THE SENATE has finally taken up the labor-law reform bill - and ought to pass it. The basic purpose of the bill is to uphold a simple and fundamental principle that no one should be permitted to profit by violating or evading the law's requirements. This legislation would provide little in the way of new rights or privileges to the National Labor Relations Board's presents procedures and - an essential point - increase the chances that its orders would be put into effect promptly.

This legislation is essentially aimed at the small but conspicuous minority of employers who exploit present procedures to procrastinate, sometimes interminably, in meeting their legal obligations. The bill would, for example, set firm time limits for representation elections. If the union wins an election, present law requires the employer to bargain in good faith. Sometimes companies are recalcitrant. Then the union has to go back to the NLRB, which - months, or sometimes years, later - issues an order. But an NLRB order is not self-enforcing. If the employer chooses to ignore it, nothing happens until somebody goes to court. The bill wouldn't abridge anybody's right of appeal. It would just speed up the process.

Much of his bill comes out of organized labor's long struggle with one textile manufacturer, J.P. Stevens and Company. The company has repeatedly been found in violation of the law and several times has been held in contempt of court. It prefers to pay fines rather than to follow the law. The bill tries to strike directly at Stevens with a blacklist clause forbidding goverment purchases from companies in violation. But blacklisting is an ugly device and, as a purely practical consideration, there may be other willful violaurs in the future that do not sell to the government. The Senate would be wise to delete the blacklist clause altogether and substitute other weapons, like escating fines.

The basic defect of this bill, as we have repeately argued, is its disproportionate attention to the unions' troubles. It displays inadequate concern for the rights of individual workers. But the bill has already been through the House, and there is little opportunity now for any broad revision. The question is whether the bill, as it stands, would improve American labor law.

The bill's opponents, including most business organizations, believe that it will lead to hugely successful union organizing drives. That seems unlikely, when you consider the present state of the unions. The proportion of the labor force that belongs to unions has been declining for a quater of a century. The unions look to this bill to help them at last stop the erosion. But the causes run far deeper than this rather modest reform can reach. Unions have always had great difficulty organizing white-collar workers - with the notable exception of goverment employees - and the service industries.

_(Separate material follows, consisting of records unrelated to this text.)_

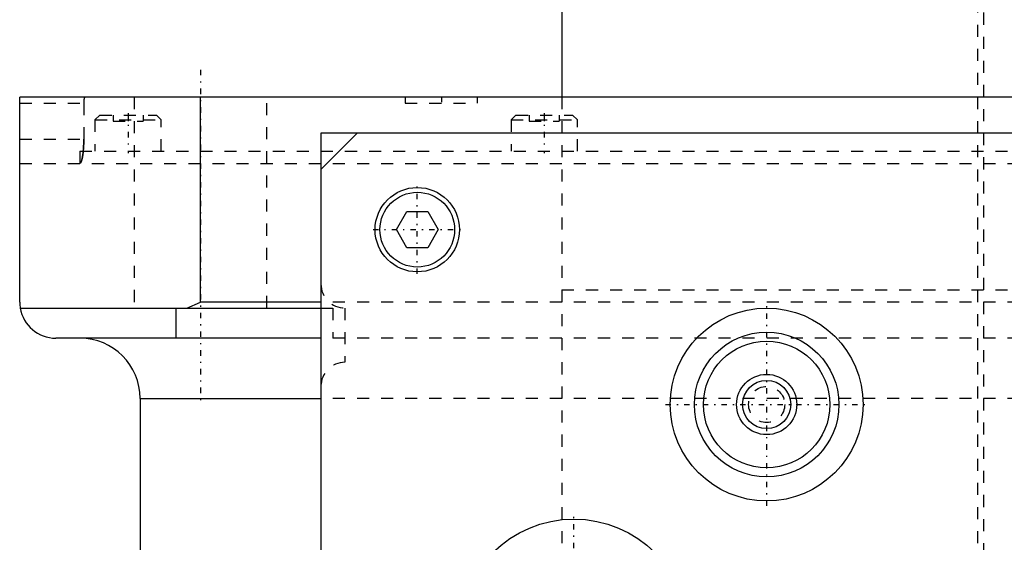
# Model space of a CAD drawing. Extents: x -90 to 90, y -139 to 487.
# Tile 7 of 10: x -90 to -8, y 280 to 323. Entities that reach past the tile are written whole.
import ezdxf

# ---------------------------------------------------------------- set-up
doc = ezdxf.new("R2010")
doc.units = 0
doc.linetypes.add('CENTER', pattern=[1.5, 0.45, -0.5, 0.05, -0.5])
doc.linetypes.add('DASHED', pattern=[2, 1, -1])
for name, color, linetype in [('AM_0', 7, 'CONTINUOUS'), ('AM_3', 7, 'DASHED'), ('AM_7', 7, 'CENTER')]:
    doc.layers.add(name, color=color, linetype=linetype)

msp = doc.modelspace()

# ---------------------------------------------------------------- linework, layer by layer
at = {"layer": 'AM_0', "color": 7, "linetype": 'CONTINUOUS'}
for p, q in [((-45, 368.1), (-45, 316.5)), ((-90, 299.5), (-90, 316.5)), ((90, 316.5), (-90, 316.5)), ((-75, 299.5), (-75, 316.5)), ((-65, 313.5), (-65, 37.5)), ((65, 313.5), (-65, 313.5)), ((-65, 310.5), (-62, 313.5)), ((-58.732, 305.5), (-57.866, 307)), ((-57.866, 307), (-56.134, 307)), ((-56.134, 307), (-55.268, 305.5)), ((-57.866, 304), (-58.732, 305.5)), ((-55.268, 305.5), (-56.134, 304)), ((-56.134, 304), (-57.866, 304)), ((-76.121, 299), (-75, 299.5)), ((-65, 299.5), (-75, 299.5)), ((-89.958, 299), (-65, 299)), ((-77, 296.5), (-77, 299)), ((-64.999, 296.5), (-87, 296.5)), ((-80, 291.5), (-80, 30)), ((-80, 291.5), (-65, 291.5))]:
    msp.add_line(p, q, dxfattribs=at)
msp.add_polyline3d([(-90, 299.5, 0), (-89.999, 299.418, 0), (-89.99, 299.251, 0), (-89.971, 299.084, 0), (-89.958, 299, 0)], dxfattribs=at)
for centre, radius in [((-57, 305.5), 3.5), ((-57, 305.5), 3.1), ((-28, 291), 8), ((-28, 291), 6), ((-28, 291), 5.25), ((-28, 291), 2.5), ((-28, 291), 2), ((-44, 272), 9.5)]:
    msp.add_circle(centre, radius, dxfattribs=at)
for centre, radius, start, end in [((-87, 299.5), 3, 189.59407, 270), ((-85, 291.5), 5, 0, 90)]:
    msp.add_arc(centre, radius, start, end, dxfattribs=at)
at = {"layer": 'AM_3', "color": 6, "linetype": 'DASHED'}
for p, q in [((-10, 403.5), (-10, -70.5)), ((-10.5, 392.5), (-10.5, 300.5)), ((-80.5, 316.5), (-80.5, 299)), ((-69.5, 299), (-69.5, 316.5)), ((-58, 316.5), (-58, 316)), ((-52, 316), (-52, 316.5)), ((-45, 316.5), (-45, 300.5)), ((-90, 316), (-84.682, 316)), ((-84.682, 316), (-84.682, 313)), ((-58, 316), (-52, 316)), ((-83.35, 315), (-83.75, 314.6)), ((-83.35, 315), (-78.65, 315)), ((-82.25, 315), (-82.25, 314.5)), ((-81, 315), (-81, 314.5)), ((-79.75, 315), (-79.75, 314.5)), ((-78.25, 314.6), (-78.65, 315)), ((-48.81, 315), (-49.21, 314.6)), ((-48.81, 315), (-44.11, 315)), ((-47.71, 315), (-47.71, 314.5)), ((-46.46, 315), (-46.46, 314.5)), ((-45.21, 315), (-45.21, 314.5)), ((-43.71, 314.6), (-44.11, 315)), ((-83.75, 314.6), (-83.75, 312)), ((-83.75, 314.6), (-78.25, 314.6)), ((-82.25, 314.5), (-79.75, 314.5)), ((-78.25, 312), (-78.25, 314.6)), ((-49.21, 314.6), (-49.21, 312)), ((-49.21, 314.6), (-43.71, 314.6)), ((-47.71, 314.5), (-45.21, 314.5)), ((-43.71, 312), (-43.71, 314.6)), ((-90, 313), (-84.682, 313)), ((-85, 312), (-85, 311)), ((-85, 312), (85, 312)), ((-90, 311), (90, 311)), ((-45, 300.5), (-45, 265.5)), ((-45, 300.5), (45, 300.5)), ((-45, 300.5), (0, 300.5)), ((-10.5, 300.5), (-10.5, 197.5)), ((65, 299.5), (-65, 299.5)), ((-77.632, 299), (-69.5, 299)), ((-65, 299), (-64, 299)), ((-64, 299), (-64, 296.5)), ((-63, 299), (-63, 294.5)), ((64.999, 296.5), (-64.999, 296.5)), ((65, 291.5), (-65, 291.5))]:
    msp.add_line(p, q, dxfattribs=at)
for points in [[(-84.592, 316.5, 0), (-84.592, 316.5, 0), (-84.594, 316.5, 0), (-84.595, 316.5, 0), (-84.595, 316.5, 0), (-84.596, 316.499, 0), (-84.597, 316.499, 0), (-84.599, 316.499, 0), (-84.6, 316.498, 0), (-84.601, 316.497, 0), (-84.603, 316.496, 0), (-84.603, 316.496, 0), (-84.604, 316.496, 0), (-84.605, 316.494, 0), (-84.606, 316.493, 0), (-84.608, 316.492, 0), (-84.609, 316.491, 0), (-84.61, 316.489, 0), (-84.611, 316.489, 0), (-84.612, 316.488, 0), (-84.613, 316.486, 0), (-84.614, 316.484, 0), (-84.615, 316.484, 0), (-84.616, 316.483, 0), (-84.617, 316.481, 0), (-84.618, 316.479, 0), (-84.619, 316.477, 0), (-84.619, 316.476, 0), (-84.621, 316.474, 0), (-84.622, 316.472, 0), (-84.623, 316.469, 0), (-84.624, 316.467, 0), (-84.626, 316.464, 0), (-84.626, 316.462, 0), (-84.627, 316.461, 0), (-84.628, 316.458, 0), (-84.629, 316.455, 0), (-84.631, 316.452, 0), (-84.632, 316.449, 0), (-84.633, 316.446, 0), (-84.634, 316.444, 0), (-84.634, 316.442, 0), (-84.635, 316.439, 0), (-84.636, 316.435, 0), (-84.638, 316.431, 0), (-84.639, 316.428, 0), (-84.64, 316.424, 0), (-84.64, 316.422, 0), (-84.641, 316.42, 0), (-84.642, 316.416, 0), (-84.643, 316.412, 0), (-84.644, 316.408, 0), (-84.645, 316.403, 0), (-84.646, 316.399, 0), (-84.647, 316.397, 0), (-84.647, 316.395, 0), (-84.648, 316.39, 0), (-84.649, 316.386, 0), (-84.65, 316.381, 0), (-84.651, 316.376, 0), (-84.652, 316.372, 0), (-84.653, 316.369, 0), (-84.653, 316.367, 0), (-84.654, 316.362, 0), (-84.655, 316.357, 0), (-84.655, 316.355, 0), (-84.656, 316.352, 0), (-84.657, 316.347, 0), (-84.658, 316.342, 0), (-84.658, 316.34, 0), (-84.659, 316.337, 0), (-84.659, 316.332, 0), (-84.66, 316.326, 0), (-84.661, 316.321, 0), (-84.662, 316.315, 0), (-84.663, 316.31, 0), (-84.663, 316.307, 0), (-84.663, 316.304, 0), (-84.664, 316.298, 0), (-84.665, 316.292, 0), (-84.666, 316.286, 0), (-84.666, 316.28, 0), (-84.667, 316.274, 0), (-84.668, 316.271, 0), (-84.668, 316.268, 0), (-84.669, 316.262, 0), (-84.669, 316.256, 0), (-84.67, 316.249, 0), (-84.671, 316.243, 0), (-84.671, 316.236, 0), (-84.672, 316.233, 0), (-84.672, 316.23, 0), (-84.672, 316.223, 0), (-84.673, 316.216, 0), (-84.674, 316.21, 0), (-84.674, 316.203, 0), (-84.675, 316.196, 0), (-84.675, 316.193, 0), (-84.675, 316.189, 0), (-84.676, 316.182, 0), (-84.676, 316.175, 0), (-84.677, 316.168, 0), (-84.677, 316.161, 0), (-84.677, 316.154, 0), (-84.678, 316.151, 0), (-84.678, 316.147, 0), (-84.678, 316.14, 0), (-84.679, 316.133, 0), (-84.679, 316.129, 0), (-84.679, 316.126, 0), (-84.679, 316.119, 0), (-84.68, 316.111, 0), (-84.68, 316.108, 0), (-84.68, 316.104, 0), (-84.68, 316.097, 0), (-84.68, 316.09, 0), (-84.681, 316.082, 0), (-84.681, 316.075, 0), (-84.681, 316.068, 0), (-84.681, 316.064, 0), (-84.681, 316.061, 0), (-84.681, 316.054, 0), (-84.681, 316.046, 0), (-84.681, 316.039, 0), (-84.682, 316.032, 0), (-84.682, 316.025, 0), (-84.682, 316.021, 0), (-84.682, 316.018, 0), (-84.682, 316.011, 0), (-84.682, 316.004, 0), (-84.682, 316, 0)], [(-84.682, 313, 0), (-84.682, 312.986, 0), (-84.682, 312.958, 0), (-84.682, 312.929, 0), (-84.682, 312.915, 0), (-84.682, 312.901, 0), (-84.682, 312.872, 0), (-84.683, 312.844, 0), (-84.683, 312.815, 0), (-84.684, 312.786, 0), (-84.684, 312.757, 0), (-84.685, 312.743, 0), (-84.685, 312.729, 0), (-84.686, 312.7, 0), (-84.687, 312.671, 0), (-84.687, 312.642, 0), (-84.688, 312.613, 0), (-84.689, 312.584, 0), (-84.69, 312.57, 0), (-84.691, 312.555, 0), (-84.692, 312.527, 0), (-84.693, 312.498, 0), (-84.694, 312.484, 0), (-84.694, 312.469, 0), (-84.696, 312.441, 0), (-84.697, 312.412, 0), (-84.698, 312.398, 0), (-84.699, 312.384, 0), (-84.701, 312.356, 0), (-84.702, 312.328, 0), (-84.704, 312.3, 0), (-84.706, 312.272, 0), (-84.708, 312.244, 0), (-84.709, 312.231, 0), (-84.71, 312.217, 0), (-84.712, 312.19, 0), (-84.714, 312.163, 0), (-84.716, 312.136, 0), (-84.719, 312.109, 0), (-84.721, 312.082, 0), (-84.722, 312.069, 0), (-84.723, 312.056, 0), (-84.726, 312.03, 0), (-84.728, 312.004, 0), (-84.731, 311.979, 0), (-84.734, 311.954, 0), (-84.736, 311.929, 0), (-84.738, 311.916, 0), (-84.739, 311.904, 0), (-84.742, 311.88, 0), (-84.745, 311.855, 0), (-84.748, 311.832, 0), (-84.751, 311.808, 0), (-84.754, 311.785, 0), (-84.755, 311.774, 0), (-84.757, 311.762, 0), (-84.76, 311.74, 0), (-84.763, 311.717, 0), (-84.766, 311.696, 0), (-84.769, 311.674, 0), (-84.772, 311.653, 0), (-84.774, 311.643, 0), (-84.776, 311.632, 0), (-84.779, 311.612, 0), (-84.782, 311.592, 0), (-84.784, 311.582, 0), (-84.786, 311.572, 0), (-84.789, 311.553, 0), (-84.793, 311.533, 0), (-84.794, 311.524, 0), (-84.796, 311.514, 0), (-84.8, 311.495, 0), (-84.803, 311.477, 0), (-84.807, 311.458, 0), (-84.811, 311.44, 0), (-84.815, 311.422, 0), (-84.817, 311.414, 0), (-84.819, 311.405, 0), (-84.822, 311.387, 0), (-84.826, 311.37, 0), (-84.83, 311.354, 0), (-84.834, 311.337, 0), (-84.838, 311.321, 0), (-84.84, 311.313, 0), (-84.842, 311.306, 0), (-84.847, 311.29, 0), (-84.851, 311.275, 0), (-84.855, 311.261, 0), (-84.859, 311.246, 0), (-84.863, 311.232, 0), (-84.866, 311.225, 0), (-84.868, 311.219, 0), (-84.872, 311.205, 0), (-84.876, 311.193, 0), (-84.881, 311.18, 0), (-84.885, 311.168, 0), (-84.89, 311.156, 0), (-84.892, 311.151, 0), (-84.894, 311.145, 0), (-84.898, 311.134, 0), (-84.903, 311.124, 0), (-84.907, 311.114, 0), (-84.912, 311.104, 0), (-84.916, 311.095, 0), (-84.919, 311.091, 0), (-84.921, 311.086, 0), (-84.925, 311.078, 0), (-84.93, 311.07, 0), (-84.932, 311.066, 0), (-84.934, 311.063, 0), (-84.939, 311.056, 0), (-84.943, 311.049, 0), (-84.946, 311.046, 0), (-84.948, 311.043, 0), (-84.952, 311.037, 0), (-84.957, 311.032, 0), (-84.961, 311.027, 0), (-84.966, 311.022, 0), (-84.97, 311.018, 0), (-84.973, 311.016, 0), (-84.975, 311.014, 0), (-84.979, 311.011, 0), (-84.984, 311.008, 0), (-84.988, 311.006, 0), (-84.992, 311.004, 0), (-84.997, 311.002, 0), (-84.999, 311.002, 0), (-85.001, 311.001, 0), (-85.005, 311, 0), (-85.01, 311, 0), (-85.012, 311, 0)], [(-84.729, 312, 0), (-84.726, 312.025, 0), (-84.721, 312.077, 0), (-84.717, 312.129, 0), (-84.715, 312.156, 0), (-84.712, 312.183, 0), (-84.708, 312.237, 0), (-84.705, 312.292, 0), (-84.701, 312.347, 0), (-84.698, 312.403, 0), (-84.695, 312.46, 0), (-84.694, 312.488, 0), (-84.692, 312.517, 0), (-84.69, 312.574, 0), (-84.688, 312.631, 0), (-84.686, 312.688, 0), (-84.685, 312.745, 0), (-84.683, 312.802, 0), (-84.683, 312.831, 0), (-84.683, 312.859, 0), (-84.682, 312.916, 0), (-84.682, 312.972, 0), (-84.682, 313, 0)], [(-85, 311.001, 0), (-84.992, 311.004, 0), (-84.975, 311.015, 0), (-84.957, 311.031, 0), (-84.949, 311.042, 0), (-84.94, 311.054, 0), (-84.923, 311.083, 0), (-84.905, 311.119, 0), (-84.888, 311.161, 0), (-84.871, 311.208, 0), (-84.855, 311.262, 0), (-84.847, 311.291, 0), (-84.839, 311.321, 0), (-84.823, 311.384, 0), (-84.808, 311.453, 0), (-84.794, 311.525, 0), (-84.781, 311.6, 0), (-84.768, 311.68, 0), (-84.762, 311.722, 0), (-84.756, 311.766, 0), (-84.745, 311.856, 0), (-84.734, 311.951, 0), (-84.729, 312, 0)], [(-85.012, 311, 0), (-85.01, 311, 0), (-85.006, 311, 0), (-85.002, 311.001, 0), (-85, 311.001, 0)]]:
    msp.add_polyline3d(points, dxfattribs=at)
msp.add_circle((-28, 291), 1.5, dxfattribs=at)
for centre, start, end in [((-63, 301), 180, 270), ((-63, 292.5), 90, 180)]:
    msp.add_arc(centre, 2, start, end, dxfattribs=at)
at = {"layer": 'AM_7', "color": 4, "linetype": 'CENTER'}
for p, q in [((-75, 318.75), (-75, 291.25)), ((-55, 316.525), (-55, 315.975)), ((-81, 315.15), (-81, 311.85)), ((-46.46, 315.15), (-46.46, 311.85)), ((-57, 301.825), (-57, 309.175)), ((-60.675, 305.5), (-53.325, 305.5)), ((-28, 282.6), (-28, 299.4)), ((-36.4, 291), (-19.6, 291)), ((-44, 262.025), (-44, 281.975))]:
    msp.add_line(p, q, dxfattribs=at)

doc.saveas('drawing.dxf')

That's where most of the growth in employment now lies. As for the unions themselves, their leadership is aging and not very flexible in adapting to a changing economy.

Both unions and employers have loaded this bill with symbolic freight far out of proportion to anything that it will accomplish. The bill has became a test of labor's strength and status in American politics. It has become in a queer way, a vote on the moral worth of the unions versus the employers. That is why the Senate is now gloomily settling down to another siege of filibustering and cloture votes - one that will go on, apparently, for weeks. The point to remember, as it goes groaning and droning along, is that the bill is narrower than either side would have you think - but on balance it is worth having.